Term frequency examines the importance of specific terms based on how frequently they appear within your text corpus. See The President’s Words for an example of term frequency analysis.
- Researchers can compute either absolute or relative frequency. While absolute frequency is the raw count, relative frequency is the count expressed as a proportion of the total number of data points.
- If your text corpus is comprised of documents that vary considerably in length (interview transcripts, political speeches, etc.), then you can compute counts relative to all terms within a document to control for length.
Sentiment analysis is used to classify and interpret emotional valence within text data. It generally relies on a pre-defined lexicon to assign a polarity score ranging from -1 (highly negative) to 1 (highly positive) to each word within a corpus. 0 indicates neutrality.
- To study sentiment across a text, most tools will simply add the polarity scores of each word and calculate an average. See Introduction to tidytext for a use case tracking sentiment in Jane Austen’s novels.

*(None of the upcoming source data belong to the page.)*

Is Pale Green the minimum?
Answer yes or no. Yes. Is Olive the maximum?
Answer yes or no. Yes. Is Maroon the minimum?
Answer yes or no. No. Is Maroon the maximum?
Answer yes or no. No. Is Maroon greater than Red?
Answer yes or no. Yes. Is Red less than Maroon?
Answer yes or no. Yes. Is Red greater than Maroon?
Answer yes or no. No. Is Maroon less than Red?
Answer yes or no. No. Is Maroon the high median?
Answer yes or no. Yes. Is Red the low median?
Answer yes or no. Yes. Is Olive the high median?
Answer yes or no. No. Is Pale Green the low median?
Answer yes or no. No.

- The Python library, VADER uses a more complex, rule-based metric to identify sentiment in social media data.
NLP uses both supervised and unsupervised learning methods to analyze text corpora. While supervised methods rely on pre-defined labels to perform tasks like sentiment analysis and text classification, unsupervised methods find hidden patterns within unstructured data.
Topic Modeling is an algorithm-based tool that identifies a series of topics—or frequently co-occurring words—across a large set of texts.

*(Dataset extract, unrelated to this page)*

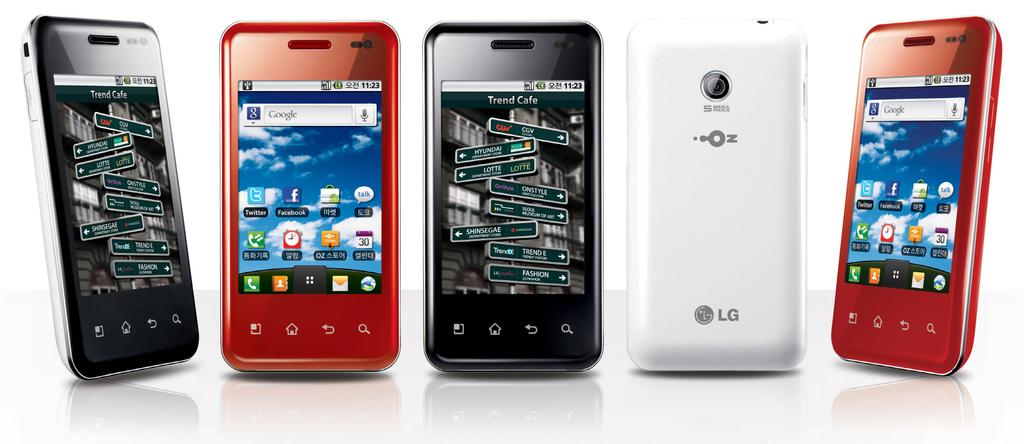<image>
Provide a brief description of the given image. Five LG smartphones are lined up, all but one facing forward.

- Topic modeling uses unsupervised methods like Latent Dirichlet Allocation (LDA) and Structured Topic Modeling (STM).
- Use Tidytext and STM for topic modeling in R, and Gensim for topic modeling in Python.
- Note:Voyant Tools also performs LDA using the jsLDA implementation.
Semantics refers to meaning and how it is represented by and extracted from natural language.
Word embeddings represent each word in a corpus as a vector, which is referred to as an ‘embedding.’ This is a means of reducing dimensionality within text data and identifying semantic similarity.
- The popular Word2Vec algorithm uses a word’s context (i.e. the words that appear before and after it) to create the vector representation. Words like ‘coffee,’ ‘tea,’ and ‘water’ should have similar vector representations—indicating semantic similarity.
- The Doc2Vec algorithm generates a unique vector for an entire document (in addition to its word vectors). This allows for comparisons between documents.
Latent Semantic Scaling (LSS) is a semi-supervised of analyzing texts across domains and languages. It is a word embedding-based approach, which uses a small set of sentiment seed words to calculate polarity scores for all words in a text based on their semantic proximity to the seed words. From there, researchers can calculate average scores per document.
- Seed words can be selected from secondary literature, meaning that LSS is a flexible (and computationally-efficient) method. See Watanabe (2021).
HuggingFace transformers perform advanced NLP tasks, such as text clustering, classification, and summarization/generation:
- Text classification is a supervised learning method, which uses pre-defined labels/categories to organize texts based on their content. This can be useful for organizing survey responses.
- Text clustering is an unsupervised learning method, which automatically groups texts based on their content.
- Note: This often follows Doc2Vec in a text clustering pipeline. Researchers use Doc2Vec to convert their documents into vectors and then apply a clustering algorithm, such as k-means. From there, they can use keywords to interpret the results.
- Text summarization creates a brief synopsis that preserves the key arguments and themes of a longer document. It relies on two techniques: extractive and abstractive summarization. See Text Summarization in NLP.